Fraser Rise vs Aintree.
Comparing two suburbs with median house prices of $695,000 and $750,500. Fraser Rise edges out on more headline metrics in this comparison.
Fraser Rise (median $695,000) is roughly 7% cheaper to buy into than Aintree ($750,500).
For buyers
Fraser Rise is the lower entry point at $695,000 median, 7% below the other suburb. For first home buyers, that translates to a smaller deposit and lower stamp duty bill.
For investors
Fraser Rise offers the higher gross rental yield (3.15% vs 2.92%), favouring cash-flow investors.
For families
School and household data is too similar between the two to call a winner on family fit. Check the individual profiles for street-level school catchments.
Common questions
Is Fraser Rise or Aintree cheaper to buy in?

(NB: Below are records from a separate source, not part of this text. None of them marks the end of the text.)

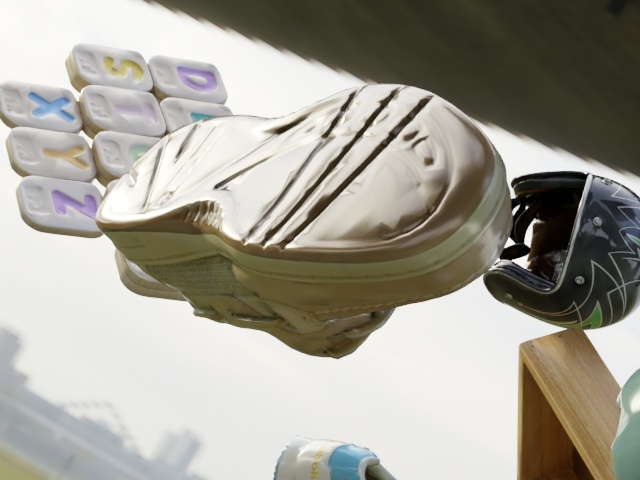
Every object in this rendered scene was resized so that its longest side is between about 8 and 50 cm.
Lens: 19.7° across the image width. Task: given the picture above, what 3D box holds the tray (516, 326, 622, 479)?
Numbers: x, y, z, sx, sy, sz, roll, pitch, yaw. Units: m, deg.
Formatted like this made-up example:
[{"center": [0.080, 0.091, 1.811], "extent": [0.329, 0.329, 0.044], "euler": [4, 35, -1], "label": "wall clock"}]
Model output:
[{"center": [0.291, 0.288, 1.668], "extent": [0.411, 0.076, 0.203], "euler": [-116, -164, -47], "label": "tray"}]

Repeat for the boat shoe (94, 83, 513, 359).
[{"center": [0.000, 0.000, 0.860], "extent": [0.098, 0.109, 0.302], "euler": [51, -24, -22], "label": "boat shoe"}]

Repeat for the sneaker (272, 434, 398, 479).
[{"center": [0.044, 0.261, 1.587], "extent": [0.092, 0.087, 0.228], "euler": [2, -42, 36], "label": "sneaker"}]

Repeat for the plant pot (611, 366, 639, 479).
[{"center": [0.404, 0.127, 1.267], "extent": [0.341, 0.341, 0.334], "euler": [34, -48, -22], "label": "plant pot"}]

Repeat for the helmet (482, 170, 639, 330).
[{"center": [0.258, 0.011, 1.822], "extent": [0.161, 0.169, 0.169], "euler": [4, -24, 35], "label": "helmet"}]

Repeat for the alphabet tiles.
[{"center": [-0.117, -0.057, 1.471], "extent": [0.278, 0.021, 0.284], "euler": [8, 41, -28], "label": "alphabet tiles"}]

Fraser Rise has the lower median house price at $695,000, roughly 7% below Aintree ($750,500). The gap on units is usually similar but worth checking on the full suburb profiles.

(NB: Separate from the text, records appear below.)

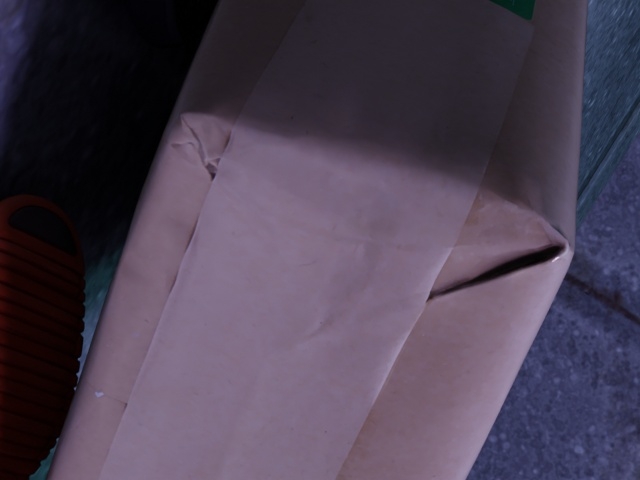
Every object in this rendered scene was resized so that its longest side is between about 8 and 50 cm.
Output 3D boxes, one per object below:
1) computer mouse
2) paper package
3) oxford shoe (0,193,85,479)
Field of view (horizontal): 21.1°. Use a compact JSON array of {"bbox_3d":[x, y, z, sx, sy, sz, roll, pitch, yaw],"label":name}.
[{"bbox_3d":[-0.064,-0.181,0.725,0.242,0.041,0.071,97,17,-44],"label":"computer mouse"},{"bbox_3d":[0.000,0.000,0.820,0.325,0.168,0.309,-74,-174,-54],"label":"paper package"},{"bbox_3d":[-0.195,0.101,0.808,0.097,0.098,0.271,33,74,-44],"label":"oxford shoe"}]

Which suburb has higher rental yield, Fraser Rise or Aintree?
Gross rental yield on houses is 3.15% in Fraser Rise vs 2.92% in Aintree. Gross yield equals annual rent divided by purchase price. Net yield (after strata, rates, insurance, agent fees and maintenance) typically runs 1.5-2 percentage points lower.
The numbers behind the take
Price & Market
Rental
Lifestyle & Demographics
Risk & Hazard
Schools
Climate
Green dot = better on that metric (lower price, higher growth, higher walkability, lower risk).